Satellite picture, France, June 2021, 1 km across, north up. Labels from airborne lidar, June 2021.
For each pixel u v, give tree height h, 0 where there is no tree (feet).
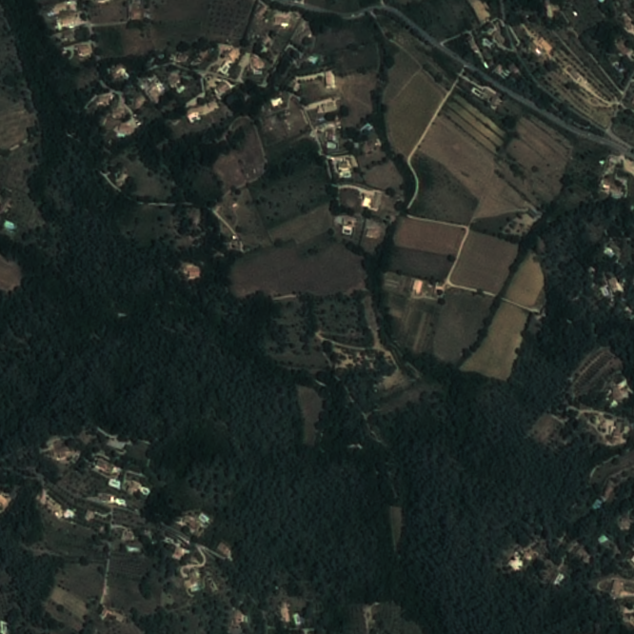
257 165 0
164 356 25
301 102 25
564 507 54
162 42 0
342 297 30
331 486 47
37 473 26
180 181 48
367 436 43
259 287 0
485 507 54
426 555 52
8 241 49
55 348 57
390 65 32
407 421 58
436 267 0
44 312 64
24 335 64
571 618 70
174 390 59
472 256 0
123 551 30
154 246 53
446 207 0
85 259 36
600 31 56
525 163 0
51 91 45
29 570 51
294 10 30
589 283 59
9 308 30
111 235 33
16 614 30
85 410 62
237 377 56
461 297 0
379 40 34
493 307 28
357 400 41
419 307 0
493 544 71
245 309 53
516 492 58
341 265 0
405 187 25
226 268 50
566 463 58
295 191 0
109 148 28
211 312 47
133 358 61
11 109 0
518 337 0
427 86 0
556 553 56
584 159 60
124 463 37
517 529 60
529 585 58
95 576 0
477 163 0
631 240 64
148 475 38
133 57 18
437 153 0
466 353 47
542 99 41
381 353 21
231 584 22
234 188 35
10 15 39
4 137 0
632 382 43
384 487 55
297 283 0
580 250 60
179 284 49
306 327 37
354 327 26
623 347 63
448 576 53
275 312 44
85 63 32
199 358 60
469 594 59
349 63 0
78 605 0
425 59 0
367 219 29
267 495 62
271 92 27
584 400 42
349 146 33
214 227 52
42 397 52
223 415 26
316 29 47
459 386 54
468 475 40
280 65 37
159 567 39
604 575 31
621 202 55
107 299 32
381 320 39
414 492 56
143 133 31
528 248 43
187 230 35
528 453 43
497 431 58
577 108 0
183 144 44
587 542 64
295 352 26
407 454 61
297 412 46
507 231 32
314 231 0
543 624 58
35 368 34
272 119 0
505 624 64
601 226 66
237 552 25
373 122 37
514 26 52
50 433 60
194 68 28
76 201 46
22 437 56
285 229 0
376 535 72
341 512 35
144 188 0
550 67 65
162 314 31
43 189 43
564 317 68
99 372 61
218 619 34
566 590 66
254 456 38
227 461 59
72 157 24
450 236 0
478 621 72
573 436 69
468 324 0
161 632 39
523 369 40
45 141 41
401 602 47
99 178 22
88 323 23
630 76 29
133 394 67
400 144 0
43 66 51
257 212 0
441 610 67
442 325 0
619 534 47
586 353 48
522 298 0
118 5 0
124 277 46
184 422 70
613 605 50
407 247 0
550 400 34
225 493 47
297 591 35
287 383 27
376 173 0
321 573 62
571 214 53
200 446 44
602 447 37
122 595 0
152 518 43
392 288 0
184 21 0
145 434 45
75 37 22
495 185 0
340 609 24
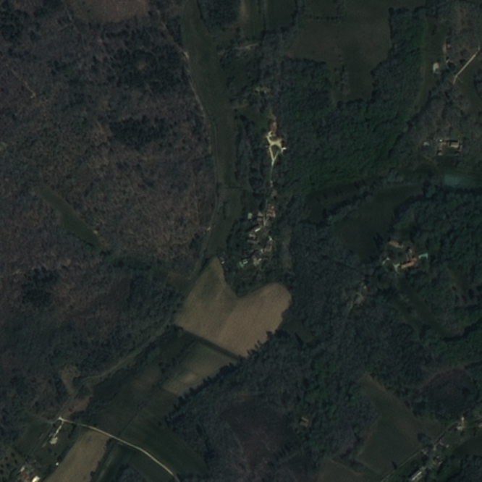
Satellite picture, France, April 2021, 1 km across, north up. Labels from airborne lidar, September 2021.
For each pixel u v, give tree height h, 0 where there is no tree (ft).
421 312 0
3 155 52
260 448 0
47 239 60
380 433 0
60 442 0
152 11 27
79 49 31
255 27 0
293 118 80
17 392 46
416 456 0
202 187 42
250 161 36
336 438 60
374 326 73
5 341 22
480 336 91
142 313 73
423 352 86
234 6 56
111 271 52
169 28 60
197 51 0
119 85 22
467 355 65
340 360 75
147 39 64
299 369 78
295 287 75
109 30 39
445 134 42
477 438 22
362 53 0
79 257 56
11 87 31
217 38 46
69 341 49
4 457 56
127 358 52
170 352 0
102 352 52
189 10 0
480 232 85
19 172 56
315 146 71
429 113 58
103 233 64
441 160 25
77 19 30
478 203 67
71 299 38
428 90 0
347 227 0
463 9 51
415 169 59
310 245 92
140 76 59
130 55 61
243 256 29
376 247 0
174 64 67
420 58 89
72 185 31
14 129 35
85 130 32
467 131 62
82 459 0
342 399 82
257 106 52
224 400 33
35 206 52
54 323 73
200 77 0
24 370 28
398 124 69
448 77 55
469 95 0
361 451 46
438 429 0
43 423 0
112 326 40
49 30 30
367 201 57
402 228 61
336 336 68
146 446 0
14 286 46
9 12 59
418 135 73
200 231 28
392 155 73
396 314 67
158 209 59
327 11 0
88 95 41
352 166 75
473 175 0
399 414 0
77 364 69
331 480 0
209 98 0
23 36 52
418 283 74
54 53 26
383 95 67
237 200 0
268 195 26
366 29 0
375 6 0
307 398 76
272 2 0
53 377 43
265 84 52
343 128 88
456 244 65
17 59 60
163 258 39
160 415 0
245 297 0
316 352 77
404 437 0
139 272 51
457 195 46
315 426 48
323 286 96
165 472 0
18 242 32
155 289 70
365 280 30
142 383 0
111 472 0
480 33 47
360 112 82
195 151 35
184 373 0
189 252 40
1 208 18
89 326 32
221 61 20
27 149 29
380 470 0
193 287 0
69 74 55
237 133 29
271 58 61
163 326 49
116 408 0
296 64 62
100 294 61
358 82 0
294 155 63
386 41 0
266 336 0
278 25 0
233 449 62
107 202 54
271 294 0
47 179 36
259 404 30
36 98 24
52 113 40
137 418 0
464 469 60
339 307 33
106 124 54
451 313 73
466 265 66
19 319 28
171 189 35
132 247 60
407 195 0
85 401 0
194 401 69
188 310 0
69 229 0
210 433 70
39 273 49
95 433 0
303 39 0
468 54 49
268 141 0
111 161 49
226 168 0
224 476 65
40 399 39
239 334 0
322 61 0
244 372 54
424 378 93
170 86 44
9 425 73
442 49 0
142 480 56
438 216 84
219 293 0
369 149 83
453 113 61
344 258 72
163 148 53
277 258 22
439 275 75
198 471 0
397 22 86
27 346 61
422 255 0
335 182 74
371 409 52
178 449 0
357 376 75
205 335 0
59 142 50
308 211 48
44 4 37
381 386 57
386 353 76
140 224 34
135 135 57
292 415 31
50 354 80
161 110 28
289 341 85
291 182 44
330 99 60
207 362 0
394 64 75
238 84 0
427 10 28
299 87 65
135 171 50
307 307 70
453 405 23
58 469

==========

• Aim of the task:
Could you state how many lines of the records contain "each"? Give the number and nothing else.

• Answer below:
2